As we think about the possible demise of this legislation, it is well worth considering its (anti-) intellectual pedigree, especially since such consideration is particularly relevant in this presidential election year. The Louisiana Science Education Act of 2008 can be traced back to an amendment offered by then-Senator Rick Santorum to the senate version of the 2001 No Child Left Behind Act. Santorum, an outspoken proponent of the non-science of intelligent design, drafted the "Santorum amendment" after meeting with members of the Discovery Institute. His language implied both that there was a great deal of controversy about evolution and that it was not widely accepted. Although both of those points are, in fact, true within the general public, neither is close to being accurate with respect to the scientific community. Immediately after its introduction, the Santorum amendment elicited negative comments from 96 scientific and educational organizations. Although the Santorum amendment was adopted by the senate, it didn't survive negotiations in the conference committee that gave birth to No Child Left Behind. Nonetheless, the Louisiana law is a direct descendent of Santorum's failed efforts.
As wonderful as Senator Peterson's repeal effort is, it's important to be realistic about its chances. In fact, Senator Peterson introduced the same bill last session and it didn't make it out of committee. The problem is simple to understand. We've reached the point where expertise is something to be shunned. The opinion of the scientific community is criticized because scientists supposedly are biased in favor of their discipline. The opinion of educators is to be avoided because it's seen as a mistake to believe that they know more than random members of the public.
Anyone with specific knowledge is viewed skeptically in some circles as an elitist. Those promoting anti-science legislation are the same as those who voice the position that encouraging people to attend college is to encourage snobbery.

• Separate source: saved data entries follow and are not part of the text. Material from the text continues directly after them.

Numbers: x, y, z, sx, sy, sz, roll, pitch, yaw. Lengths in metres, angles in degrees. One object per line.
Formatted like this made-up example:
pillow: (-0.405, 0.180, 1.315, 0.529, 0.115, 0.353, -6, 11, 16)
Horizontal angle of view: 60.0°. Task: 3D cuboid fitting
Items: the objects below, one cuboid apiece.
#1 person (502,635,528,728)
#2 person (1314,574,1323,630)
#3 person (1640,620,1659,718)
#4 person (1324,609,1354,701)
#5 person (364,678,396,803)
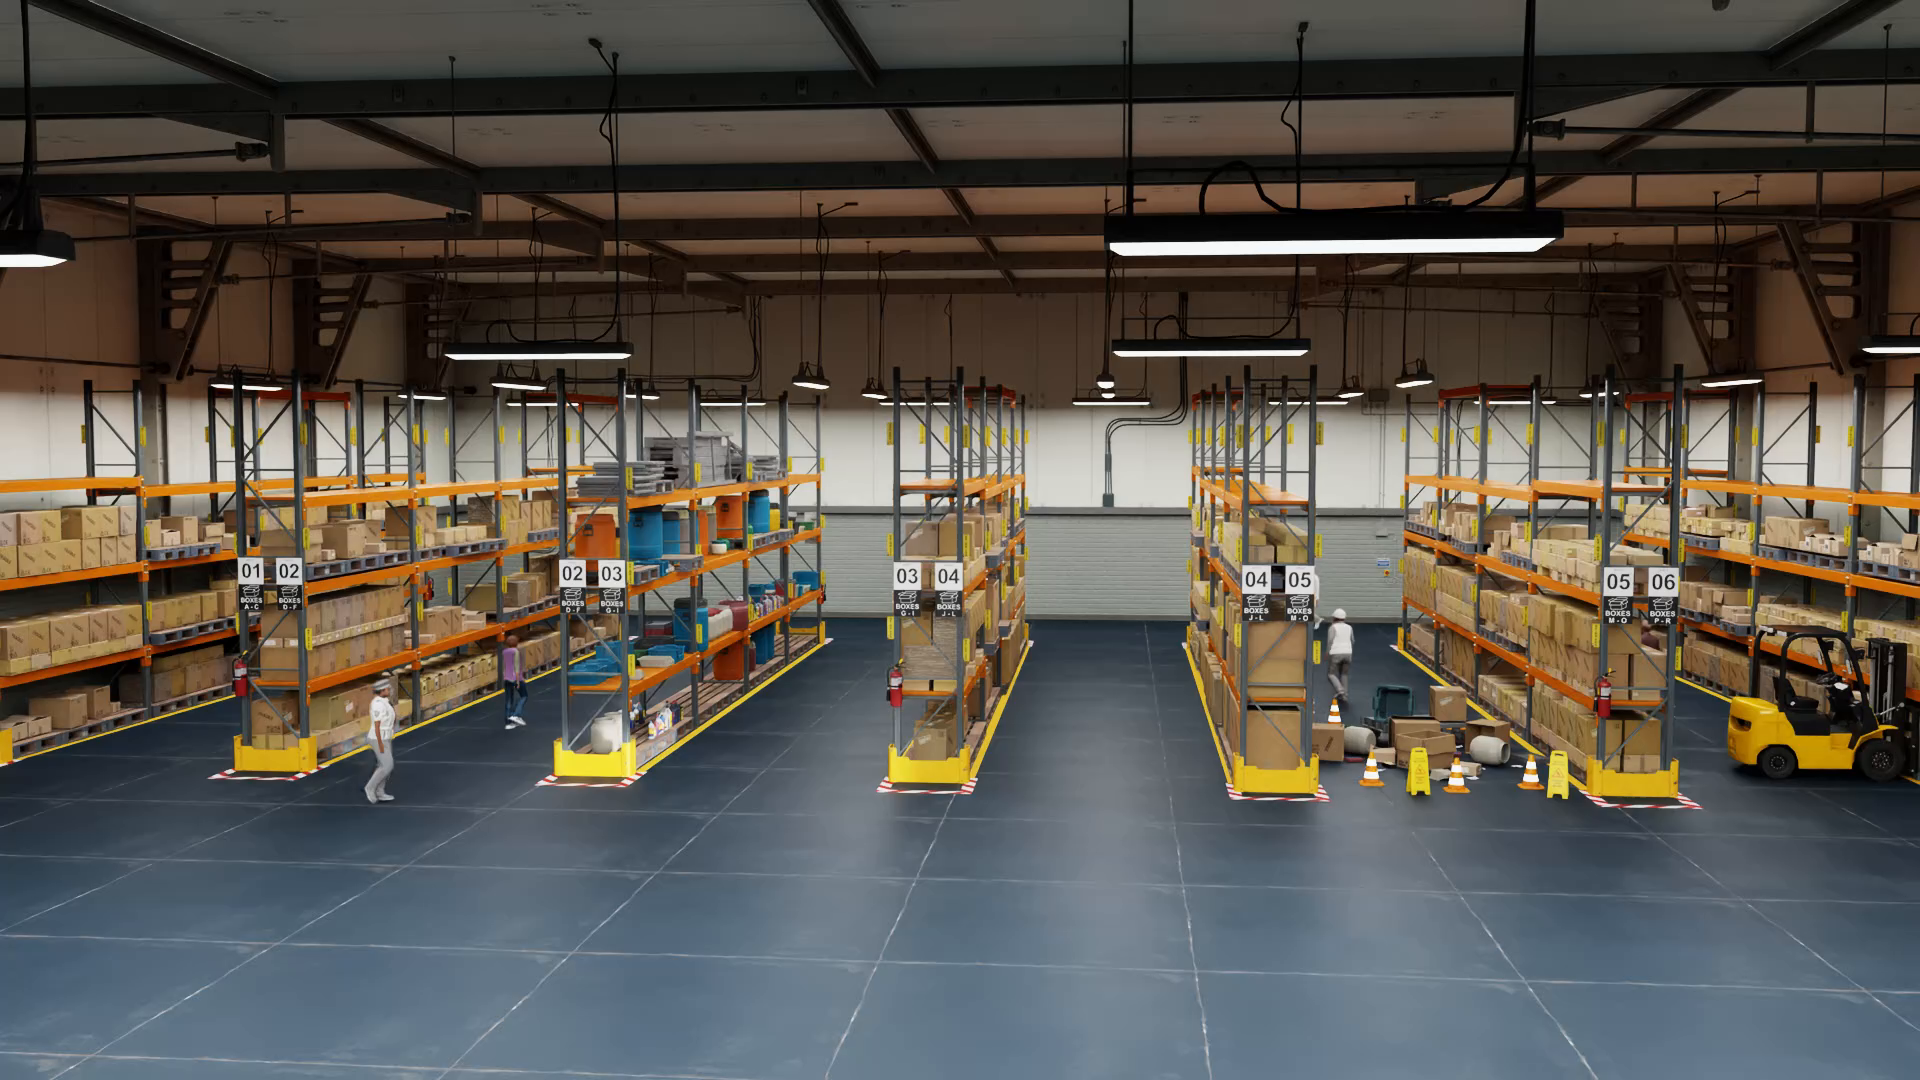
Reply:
person: (-7.681, 2.424, 28.532, 0.447, 1.584, 0.468, 1, 4, 16)
person: (8.931, 1.480, 42.397, 0.940, 1.749, 0.573, -2, 4, -27)
person: (12.011, 2.320, 29.145, 0.572, 1.814, 0.502, 0, 4, -3)
person: (7.244, 2.184, 31.582, 0.609, 1.729, 0.656, -1, 4, -14)
person: (-7.918, 2.735, 22.744, 0.430, 1.679, 0.472, 0, 4, -2)
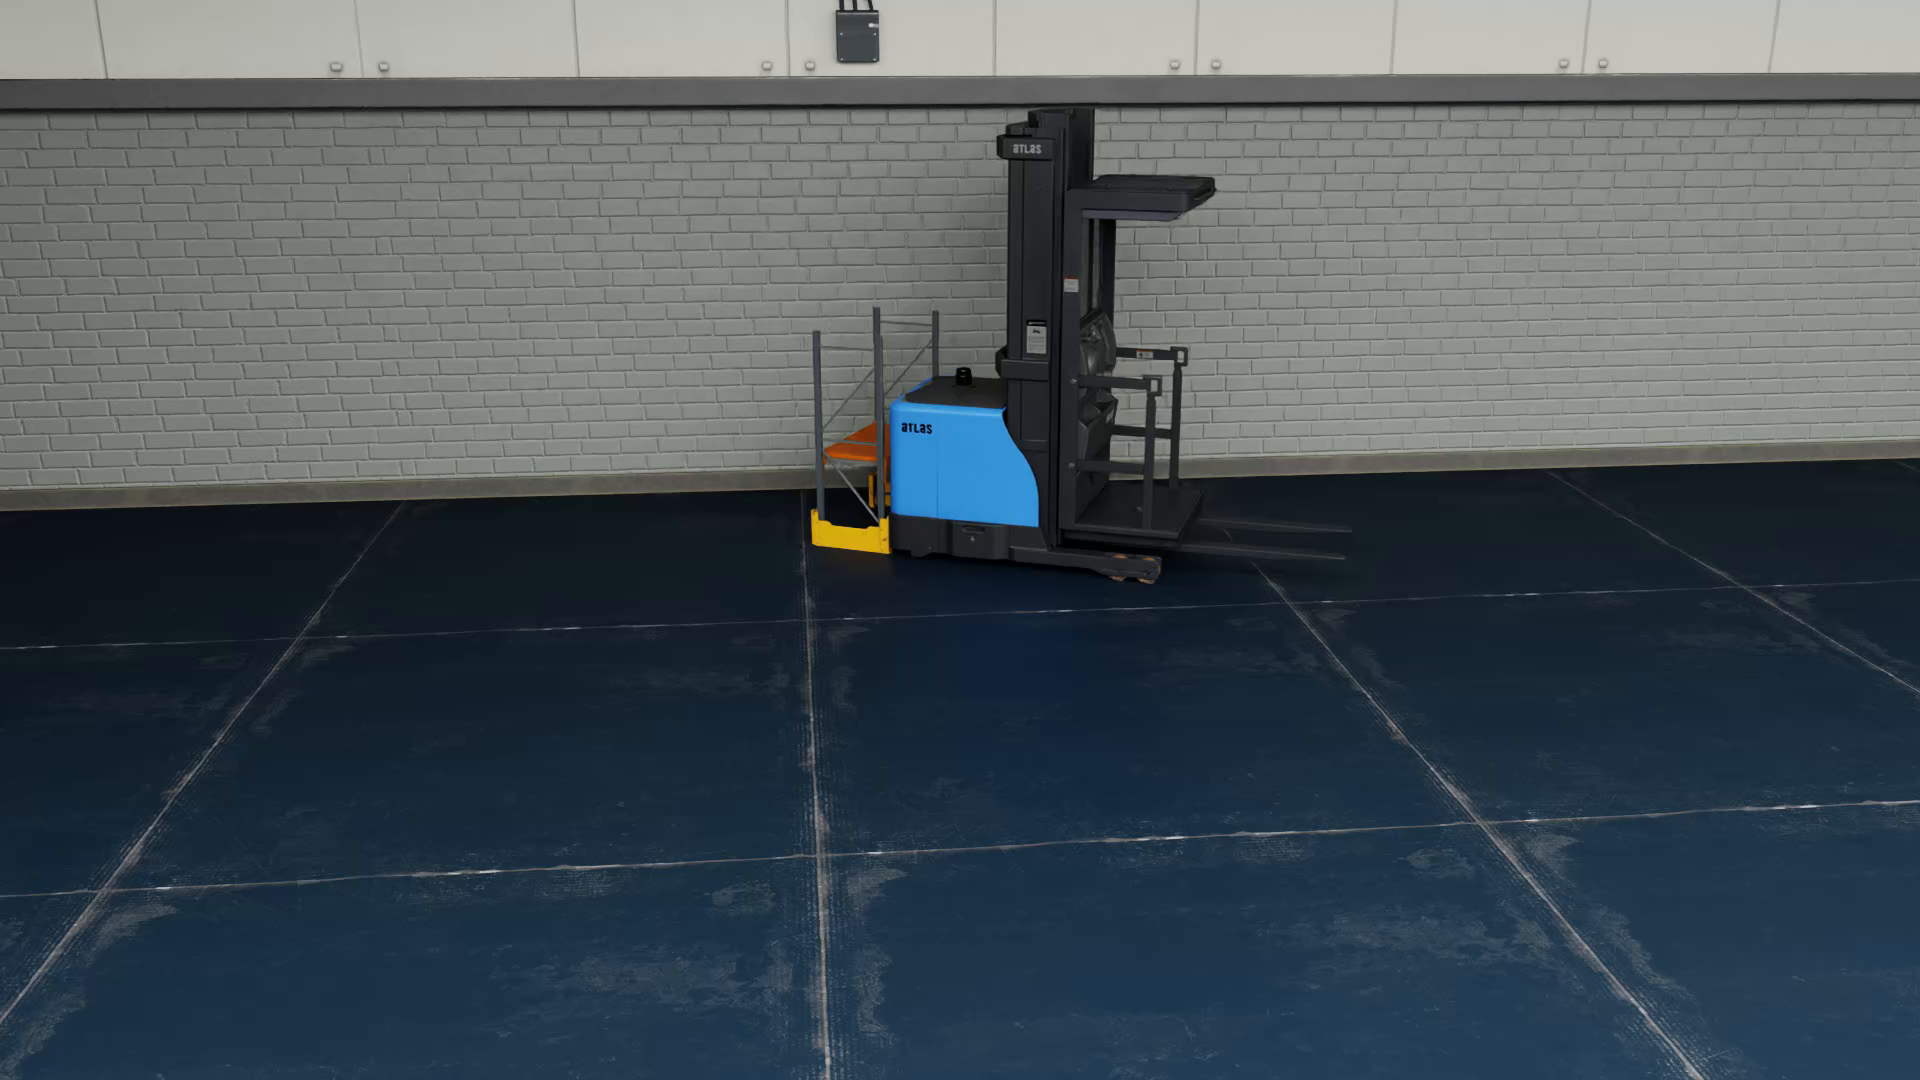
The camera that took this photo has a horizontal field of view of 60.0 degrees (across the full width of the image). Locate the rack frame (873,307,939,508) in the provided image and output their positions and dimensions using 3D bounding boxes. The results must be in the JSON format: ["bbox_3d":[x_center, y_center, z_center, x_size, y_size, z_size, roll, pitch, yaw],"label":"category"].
[{"bbox_3d":[-0.391,-0.946,12.187,0.500,1.500,0.032,6,19,20],"label":"rack frame"}]

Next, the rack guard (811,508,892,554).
[{"bbox_3d":[-0.748,-0.065,11.467,0.587,0.250,0.087,6,19,20],"label":"rack guard"}]

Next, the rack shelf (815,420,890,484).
[{"bbox_3d":[-0.570,-0.632,11.786,0.538,0.185,1.000,6,19,20],"label":"rack shelf"}]

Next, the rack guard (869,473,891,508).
[{"bbox_3d":[-0.397,-0.344,12.356,0.587,0.250,0.087,6,19,20],"label":"rack guard"}]

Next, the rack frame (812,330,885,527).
[{"bbox_3d":[-0.749,-0.661,11.279,0.500,1.500,0.032,6,19,20],"label":"rack frame"}]

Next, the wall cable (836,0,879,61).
[{"bbox_3d":[0.261,-6.347,11.194,2.305,6.003,0.169,-2,18,-6],"label":"wall cable"}]

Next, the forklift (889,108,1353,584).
[{"bbox_3d":[1.093,-1.294,10.905,3.031,2.935,1.130,5,18,16],"label":"forklift"}]

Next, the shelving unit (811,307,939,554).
[{"bbox_3d":[-0.573,-0.801,11.724,0.587,1.500,1.083,6,19,20],"label":"shelving unit"}]

In this perverted universe, a bill such as Senator Peterson's must be all but dead on arrival. The very fact that those who know the most about the subject so strongly support her efforts will likely be enough to kill it.
Unless. Unless those of us who care about education, who care about knowledge, who care about shining light on difficult problems raise our collective voices. Together we can demonstrate that embracing critical thinking and the scientific method is a good thing for society and that elitism of this sort will yield huge dividends for all of us.